Research priorities

The GDGs discussed future research and highlighted a number of priorities.

1. The effectiveness of fixed-dose combination TB treatment when compared to separate drug formulations in patients with DS-TB disease

  • Additional research on the reasons why FDC formulations did not show a clear benefit over separate drug formulations.
  • Pharmacokinetic studies of the bioavailability of FDCs versus separate drug formulations and better development of weight band categories for drug dosing.
  • The optimal dose of rifampicin, including the use of different drug formulations in all age groups.
  • Additional qualitative studies detailing adherence to medication.
  • Additional work on FDC formulations to further decrease the pill burden, especially among patients with comorbidities.

2. The use of steroids in the treatment regimen of extrapulmonary TB disease

  • The optimal steroid dose for TB meningitis (including different drug formulations).
  • The optimal steroid duration for TB meningitis and if this duration differs between different grades of meningitis.
  • The different effects of steroids on people who are HIV-positive or HIV-negative, or who are being treated (or not) with ART.
  • The relationship between steroid treatment and cancer risk, with reference to the Mayosi et al. study on pericarditis [50].
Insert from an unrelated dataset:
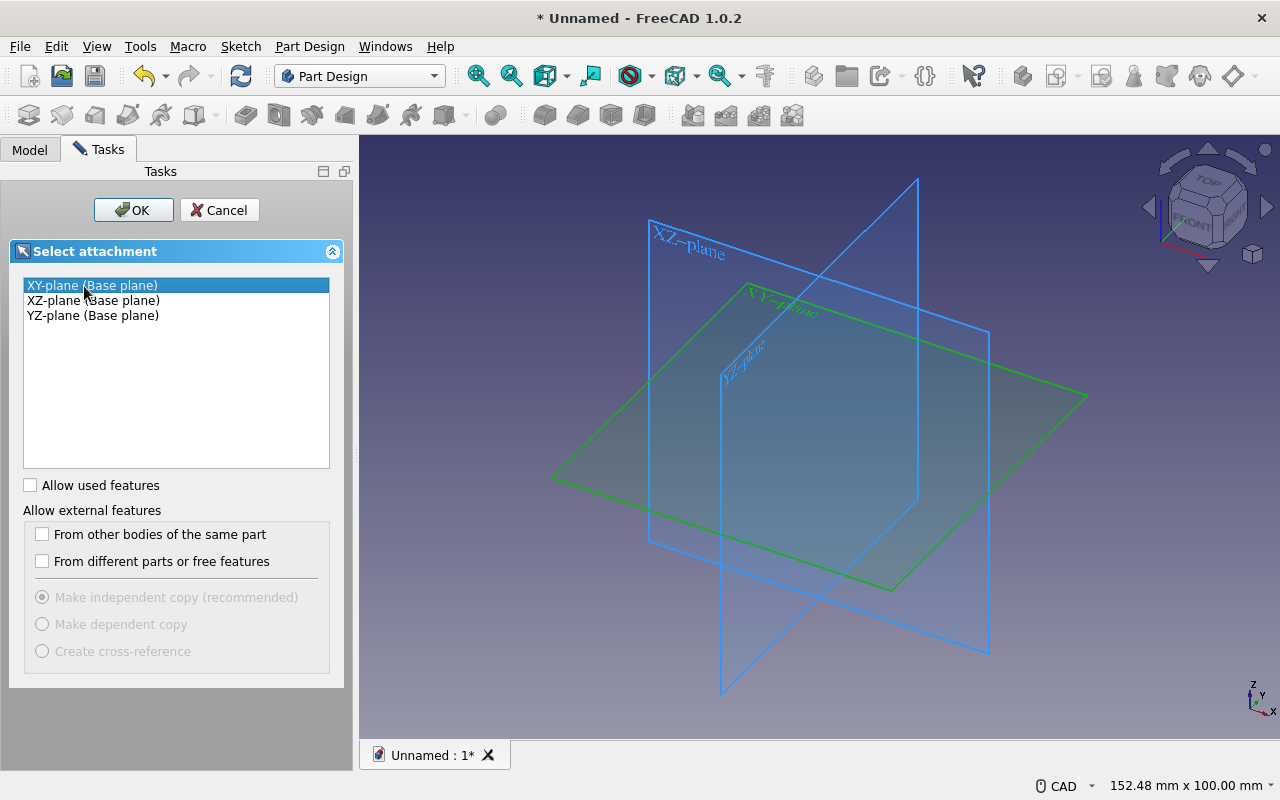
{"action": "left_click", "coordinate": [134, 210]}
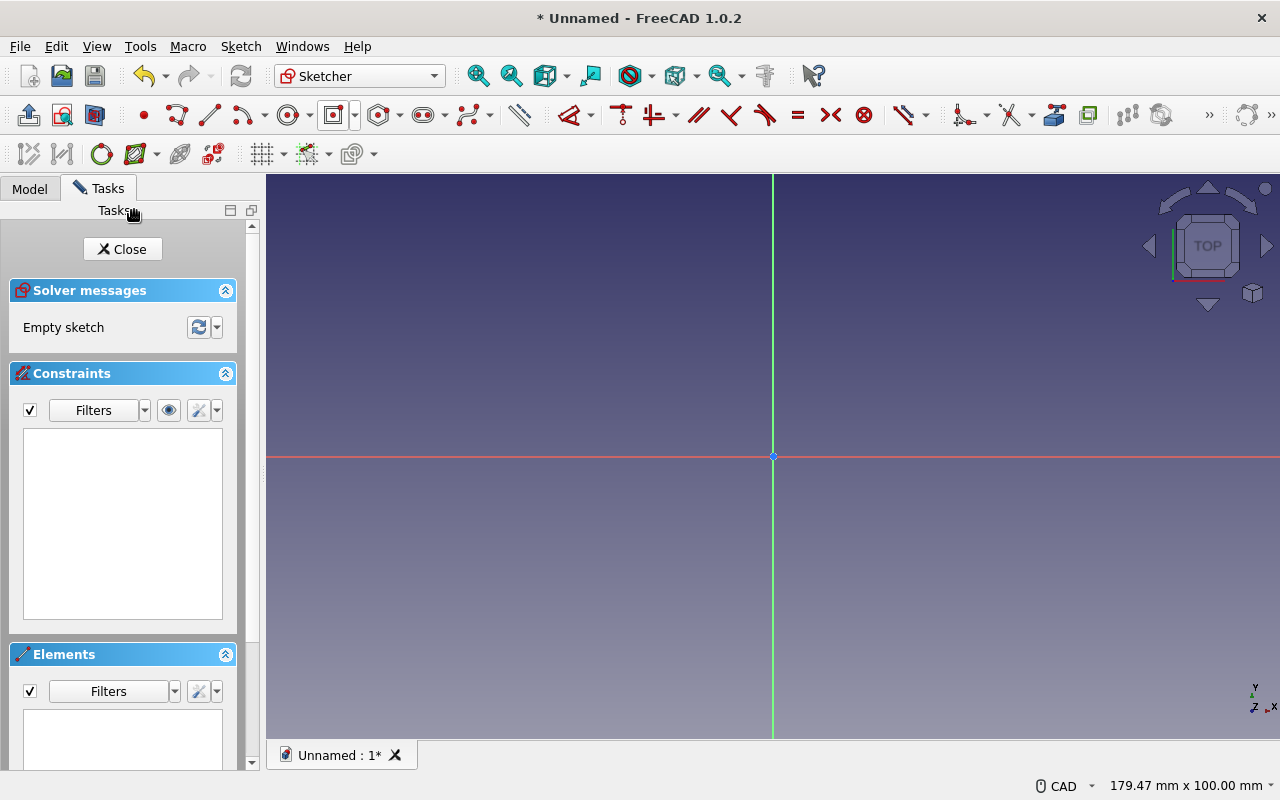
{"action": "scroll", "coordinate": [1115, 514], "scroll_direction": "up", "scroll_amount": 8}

3. 4-month regimen of isoniazid, rifapentine, moxifloxacin and pyrazinamide for drug-susceptible pulmonary TB

  • Acquisition of drug resistance for Mycobacterium tuberculosis and for other bacteria while on treatment with a 4-month regimen.
  • The efficacy of the regimen for patients with extra-pulmonary TB.
  • Pharmacokinetic, safety and tolerability studies in younger adolescents and children. A pharmacokinetic sub-study in adults was initiated alongside the trial, and the results were expected within months of the GDG meeting.
  • The cost-effectiveness of the shorter regimen.
  • Considerations regarding the impact of the 4-month regimen on equity.
  • The acceptability of the shorter 4-month regimen, particularly for patients.
  • The use of this regimen in specific subgroups - including pregnant and lactating women, children aged less than 12 years, HIV-positive individuals with a CD4 count lower than 100 cells/mm³, people with diabetes mellitus and people with a body weight less than 40 kg.
  • Dosing considerations for people weighing less than 40 kg.
  • The use and acceptability of FDC formulations for the shorter 4-month regimen.
  • Operational research on directly observed treatment versus self-administered therapy.
  • Treatment adherence and completion in operational settings.